Records from a dataset

==================================================

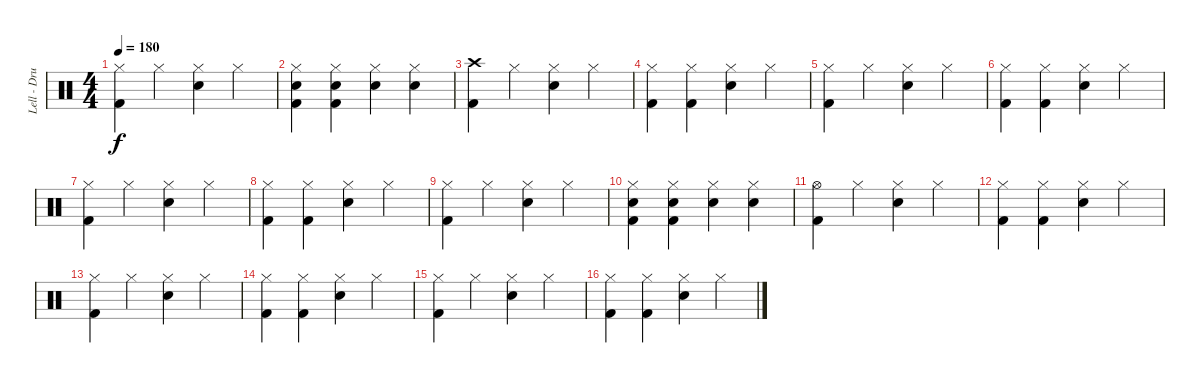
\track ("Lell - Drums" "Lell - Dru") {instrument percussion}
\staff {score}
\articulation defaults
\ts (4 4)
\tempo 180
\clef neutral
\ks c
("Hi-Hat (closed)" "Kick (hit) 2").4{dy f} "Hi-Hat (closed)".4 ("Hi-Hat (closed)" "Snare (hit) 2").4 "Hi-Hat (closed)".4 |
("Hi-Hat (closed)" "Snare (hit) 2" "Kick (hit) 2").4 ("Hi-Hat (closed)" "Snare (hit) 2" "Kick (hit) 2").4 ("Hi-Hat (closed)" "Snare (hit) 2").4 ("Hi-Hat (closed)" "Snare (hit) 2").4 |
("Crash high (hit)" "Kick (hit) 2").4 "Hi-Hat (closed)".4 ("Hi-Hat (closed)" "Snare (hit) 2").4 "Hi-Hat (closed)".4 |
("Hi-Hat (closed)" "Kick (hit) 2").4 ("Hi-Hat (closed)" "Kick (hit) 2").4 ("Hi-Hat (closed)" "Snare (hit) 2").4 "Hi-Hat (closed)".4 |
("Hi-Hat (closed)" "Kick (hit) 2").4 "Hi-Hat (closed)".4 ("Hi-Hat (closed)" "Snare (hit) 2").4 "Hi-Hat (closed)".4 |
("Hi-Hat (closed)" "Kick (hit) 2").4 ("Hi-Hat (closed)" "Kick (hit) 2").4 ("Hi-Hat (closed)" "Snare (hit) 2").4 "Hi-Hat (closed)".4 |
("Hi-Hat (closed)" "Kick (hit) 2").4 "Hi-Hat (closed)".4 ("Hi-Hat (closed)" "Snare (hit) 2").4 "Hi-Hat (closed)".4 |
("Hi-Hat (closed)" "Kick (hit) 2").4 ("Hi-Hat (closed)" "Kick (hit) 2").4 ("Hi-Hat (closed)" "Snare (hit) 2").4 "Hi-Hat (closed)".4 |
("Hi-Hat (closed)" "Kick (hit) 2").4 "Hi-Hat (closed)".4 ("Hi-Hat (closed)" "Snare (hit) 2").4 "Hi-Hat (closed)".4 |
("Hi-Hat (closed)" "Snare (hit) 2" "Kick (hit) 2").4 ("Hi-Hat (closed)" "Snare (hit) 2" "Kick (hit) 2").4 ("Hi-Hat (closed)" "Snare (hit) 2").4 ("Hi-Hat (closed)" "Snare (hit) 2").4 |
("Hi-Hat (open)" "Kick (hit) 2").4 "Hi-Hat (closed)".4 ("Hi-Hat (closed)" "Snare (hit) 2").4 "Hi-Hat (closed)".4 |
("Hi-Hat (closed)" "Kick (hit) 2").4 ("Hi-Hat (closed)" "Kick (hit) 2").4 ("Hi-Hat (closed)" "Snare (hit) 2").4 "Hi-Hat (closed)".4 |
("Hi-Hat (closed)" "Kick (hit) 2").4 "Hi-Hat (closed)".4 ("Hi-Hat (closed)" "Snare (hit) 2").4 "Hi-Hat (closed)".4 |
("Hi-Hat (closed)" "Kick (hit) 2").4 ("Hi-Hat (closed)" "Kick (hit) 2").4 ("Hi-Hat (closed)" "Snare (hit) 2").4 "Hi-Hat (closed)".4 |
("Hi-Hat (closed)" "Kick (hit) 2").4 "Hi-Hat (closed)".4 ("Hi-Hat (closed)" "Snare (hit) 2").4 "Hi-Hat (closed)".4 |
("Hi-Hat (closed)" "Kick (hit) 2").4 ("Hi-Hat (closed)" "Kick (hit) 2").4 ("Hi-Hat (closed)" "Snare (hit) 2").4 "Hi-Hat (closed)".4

==================================================

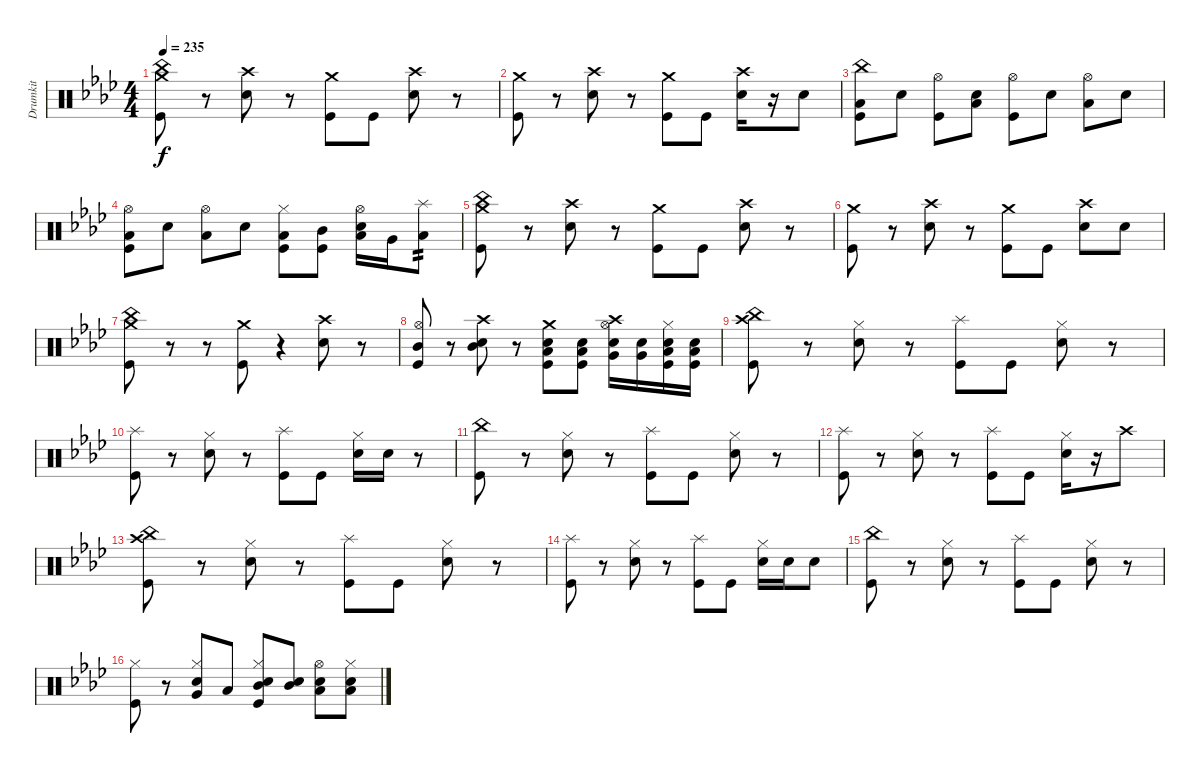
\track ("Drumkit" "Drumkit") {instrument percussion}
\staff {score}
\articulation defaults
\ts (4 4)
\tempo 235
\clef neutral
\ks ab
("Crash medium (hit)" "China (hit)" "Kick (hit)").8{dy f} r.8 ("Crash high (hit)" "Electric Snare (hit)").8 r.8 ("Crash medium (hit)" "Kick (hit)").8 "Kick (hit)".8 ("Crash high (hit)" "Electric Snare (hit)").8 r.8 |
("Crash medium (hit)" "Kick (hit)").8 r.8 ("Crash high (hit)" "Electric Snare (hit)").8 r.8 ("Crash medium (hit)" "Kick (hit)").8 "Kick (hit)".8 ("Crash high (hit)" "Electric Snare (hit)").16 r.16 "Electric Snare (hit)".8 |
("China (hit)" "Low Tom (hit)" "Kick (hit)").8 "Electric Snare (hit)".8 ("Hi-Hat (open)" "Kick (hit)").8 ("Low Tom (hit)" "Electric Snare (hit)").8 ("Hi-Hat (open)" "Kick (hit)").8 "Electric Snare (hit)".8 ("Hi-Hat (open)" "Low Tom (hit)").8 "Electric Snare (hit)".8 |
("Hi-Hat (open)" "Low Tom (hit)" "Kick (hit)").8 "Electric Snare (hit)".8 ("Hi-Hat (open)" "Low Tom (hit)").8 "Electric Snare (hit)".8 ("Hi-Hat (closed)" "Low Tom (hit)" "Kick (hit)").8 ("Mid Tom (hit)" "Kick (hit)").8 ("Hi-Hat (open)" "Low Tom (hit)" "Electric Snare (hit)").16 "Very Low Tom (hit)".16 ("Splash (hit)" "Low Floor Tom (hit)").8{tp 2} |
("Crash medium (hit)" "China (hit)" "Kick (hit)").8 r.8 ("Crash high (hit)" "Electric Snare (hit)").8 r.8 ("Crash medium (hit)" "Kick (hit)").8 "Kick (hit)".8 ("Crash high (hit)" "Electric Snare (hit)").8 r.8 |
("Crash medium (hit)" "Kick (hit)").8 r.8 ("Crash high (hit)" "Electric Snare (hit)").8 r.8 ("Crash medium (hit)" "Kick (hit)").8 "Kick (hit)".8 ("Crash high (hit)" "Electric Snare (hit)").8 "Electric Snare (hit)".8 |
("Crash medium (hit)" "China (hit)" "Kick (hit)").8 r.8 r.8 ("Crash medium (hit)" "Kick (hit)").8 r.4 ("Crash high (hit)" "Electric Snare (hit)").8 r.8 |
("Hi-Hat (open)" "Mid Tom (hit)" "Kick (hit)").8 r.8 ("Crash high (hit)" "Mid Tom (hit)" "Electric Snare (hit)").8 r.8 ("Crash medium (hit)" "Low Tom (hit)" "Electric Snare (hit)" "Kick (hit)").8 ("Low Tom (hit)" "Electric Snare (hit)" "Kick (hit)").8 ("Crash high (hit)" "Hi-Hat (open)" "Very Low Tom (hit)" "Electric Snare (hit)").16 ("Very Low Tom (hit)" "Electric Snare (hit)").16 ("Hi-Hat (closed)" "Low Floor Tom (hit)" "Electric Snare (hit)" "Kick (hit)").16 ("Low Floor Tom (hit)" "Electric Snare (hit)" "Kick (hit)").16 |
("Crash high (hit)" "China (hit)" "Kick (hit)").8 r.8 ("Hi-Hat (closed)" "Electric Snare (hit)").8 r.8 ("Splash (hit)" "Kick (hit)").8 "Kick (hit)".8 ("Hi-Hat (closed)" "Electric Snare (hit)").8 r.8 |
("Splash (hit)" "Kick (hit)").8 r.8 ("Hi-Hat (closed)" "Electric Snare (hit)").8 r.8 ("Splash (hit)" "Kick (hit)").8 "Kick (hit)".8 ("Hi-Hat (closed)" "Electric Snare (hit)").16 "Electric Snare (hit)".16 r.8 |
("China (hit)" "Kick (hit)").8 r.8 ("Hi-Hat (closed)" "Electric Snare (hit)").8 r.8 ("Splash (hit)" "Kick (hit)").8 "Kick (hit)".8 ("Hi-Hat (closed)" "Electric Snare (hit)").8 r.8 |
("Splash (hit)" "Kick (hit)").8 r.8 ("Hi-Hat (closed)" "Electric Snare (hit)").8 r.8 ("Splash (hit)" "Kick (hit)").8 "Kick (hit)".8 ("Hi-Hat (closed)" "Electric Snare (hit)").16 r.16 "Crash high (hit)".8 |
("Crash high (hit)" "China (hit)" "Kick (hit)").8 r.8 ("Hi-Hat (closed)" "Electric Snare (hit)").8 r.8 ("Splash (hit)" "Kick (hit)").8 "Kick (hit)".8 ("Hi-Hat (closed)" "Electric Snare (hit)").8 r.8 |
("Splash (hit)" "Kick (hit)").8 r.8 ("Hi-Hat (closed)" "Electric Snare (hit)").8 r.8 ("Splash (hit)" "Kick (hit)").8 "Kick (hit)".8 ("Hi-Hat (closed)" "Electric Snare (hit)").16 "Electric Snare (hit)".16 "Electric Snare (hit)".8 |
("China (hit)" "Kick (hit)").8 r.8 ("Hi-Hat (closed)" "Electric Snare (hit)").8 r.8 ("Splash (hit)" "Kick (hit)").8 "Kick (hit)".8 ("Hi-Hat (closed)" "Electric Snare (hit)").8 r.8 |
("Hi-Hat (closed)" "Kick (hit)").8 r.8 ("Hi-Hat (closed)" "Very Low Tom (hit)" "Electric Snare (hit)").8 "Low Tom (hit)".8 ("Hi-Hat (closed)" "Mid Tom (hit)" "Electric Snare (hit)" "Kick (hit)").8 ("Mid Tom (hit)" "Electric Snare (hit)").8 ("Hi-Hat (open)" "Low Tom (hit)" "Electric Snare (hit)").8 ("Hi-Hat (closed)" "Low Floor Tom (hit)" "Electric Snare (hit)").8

==================================================

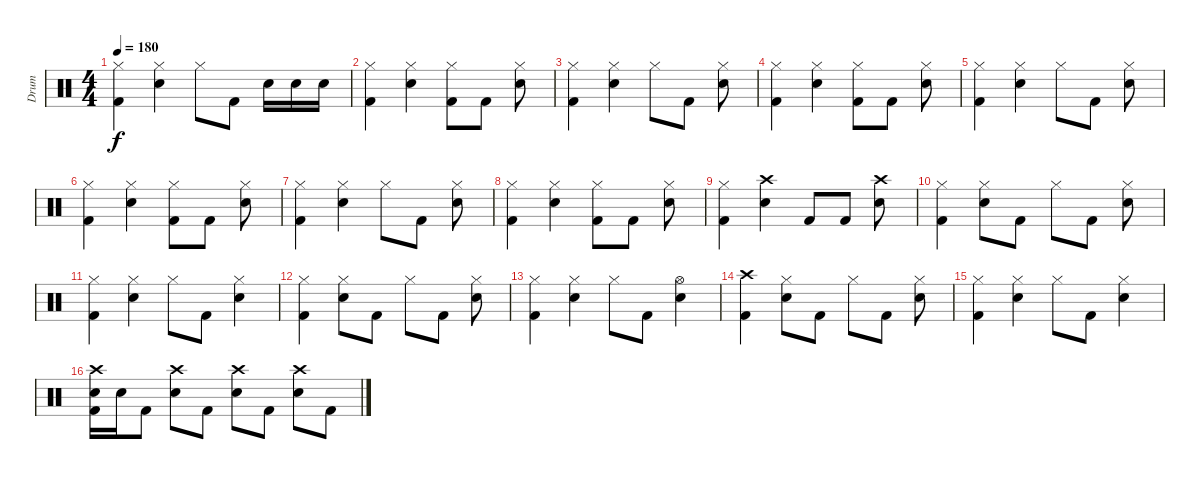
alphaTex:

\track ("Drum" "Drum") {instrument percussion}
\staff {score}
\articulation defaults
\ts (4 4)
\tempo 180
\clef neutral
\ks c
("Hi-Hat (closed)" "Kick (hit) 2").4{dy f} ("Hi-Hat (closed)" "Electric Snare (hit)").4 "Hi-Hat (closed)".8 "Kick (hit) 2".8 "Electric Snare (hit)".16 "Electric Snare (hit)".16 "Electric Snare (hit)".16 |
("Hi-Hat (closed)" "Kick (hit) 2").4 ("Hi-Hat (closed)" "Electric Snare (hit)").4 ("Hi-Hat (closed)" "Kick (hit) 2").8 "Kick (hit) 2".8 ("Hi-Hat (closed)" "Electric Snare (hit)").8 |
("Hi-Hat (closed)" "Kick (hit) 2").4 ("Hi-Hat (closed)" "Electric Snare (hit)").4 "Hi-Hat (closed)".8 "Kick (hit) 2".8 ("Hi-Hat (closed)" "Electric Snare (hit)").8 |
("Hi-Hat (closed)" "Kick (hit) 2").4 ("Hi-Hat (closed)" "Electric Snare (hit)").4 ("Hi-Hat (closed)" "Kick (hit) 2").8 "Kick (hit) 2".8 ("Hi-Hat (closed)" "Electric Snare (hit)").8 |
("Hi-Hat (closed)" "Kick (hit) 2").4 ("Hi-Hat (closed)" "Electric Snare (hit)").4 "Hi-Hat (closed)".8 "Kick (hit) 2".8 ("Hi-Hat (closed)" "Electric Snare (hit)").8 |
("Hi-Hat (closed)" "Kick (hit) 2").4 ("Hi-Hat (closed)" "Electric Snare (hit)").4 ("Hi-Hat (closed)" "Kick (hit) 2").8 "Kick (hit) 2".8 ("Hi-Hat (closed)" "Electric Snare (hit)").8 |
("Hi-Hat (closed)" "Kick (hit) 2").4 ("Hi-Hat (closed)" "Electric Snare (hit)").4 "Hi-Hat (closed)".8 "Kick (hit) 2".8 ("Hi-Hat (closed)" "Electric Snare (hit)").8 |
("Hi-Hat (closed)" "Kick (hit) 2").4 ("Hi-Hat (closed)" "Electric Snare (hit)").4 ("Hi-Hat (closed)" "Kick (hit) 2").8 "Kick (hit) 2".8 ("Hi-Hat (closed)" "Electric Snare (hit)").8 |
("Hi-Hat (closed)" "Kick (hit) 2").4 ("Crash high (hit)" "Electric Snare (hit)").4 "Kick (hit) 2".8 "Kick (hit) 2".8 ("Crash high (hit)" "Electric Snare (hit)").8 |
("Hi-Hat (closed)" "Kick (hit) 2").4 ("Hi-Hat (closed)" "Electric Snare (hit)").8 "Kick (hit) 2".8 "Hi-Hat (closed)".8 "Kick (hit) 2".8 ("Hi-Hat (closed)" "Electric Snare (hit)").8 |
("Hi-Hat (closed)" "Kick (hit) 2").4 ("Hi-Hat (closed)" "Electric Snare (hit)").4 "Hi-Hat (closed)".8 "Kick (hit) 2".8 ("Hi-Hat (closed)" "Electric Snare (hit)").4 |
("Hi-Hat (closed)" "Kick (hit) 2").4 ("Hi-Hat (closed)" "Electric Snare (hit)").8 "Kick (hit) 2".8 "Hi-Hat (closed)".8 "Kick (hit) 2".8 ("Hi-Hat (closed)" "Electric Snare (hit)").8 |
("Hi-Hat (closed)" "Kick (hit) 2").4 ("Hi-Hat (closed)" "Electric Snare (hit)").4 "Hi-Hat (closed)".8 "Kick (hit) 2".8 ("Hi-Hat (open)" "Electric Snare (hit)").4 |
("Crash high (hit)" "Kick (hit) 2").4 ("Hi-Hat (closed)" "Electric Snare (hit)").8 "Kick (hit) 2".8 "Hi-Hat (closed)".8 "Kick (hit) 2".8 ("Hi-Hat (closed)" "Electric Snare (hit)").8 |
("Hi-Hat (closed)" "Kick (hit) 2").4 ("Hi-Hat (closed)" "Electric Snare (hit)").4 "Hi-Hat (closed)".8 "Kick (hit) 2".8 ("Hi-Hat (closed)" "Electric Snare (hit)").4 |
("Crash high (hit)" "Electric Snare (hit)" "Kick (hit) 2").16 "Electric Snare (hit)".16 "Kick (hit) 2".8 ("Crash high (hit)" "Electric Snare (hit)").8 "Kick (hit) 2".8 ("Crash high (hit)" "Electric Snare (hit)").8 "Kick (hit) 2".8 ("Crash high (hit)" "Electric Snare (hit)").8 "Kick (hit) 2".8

==================================================

◆ Directions ◆
Whenever the string "instrument" turns up in a line above, copy that line out.

◆ Task response ◆
\track ("Lell - Drums" "Lell - Dru") {instrument percussion}
\track ("Drumkit" "Drumkit") {instrument percussion}
\track ("Drum" "Drum") {instrument percussion}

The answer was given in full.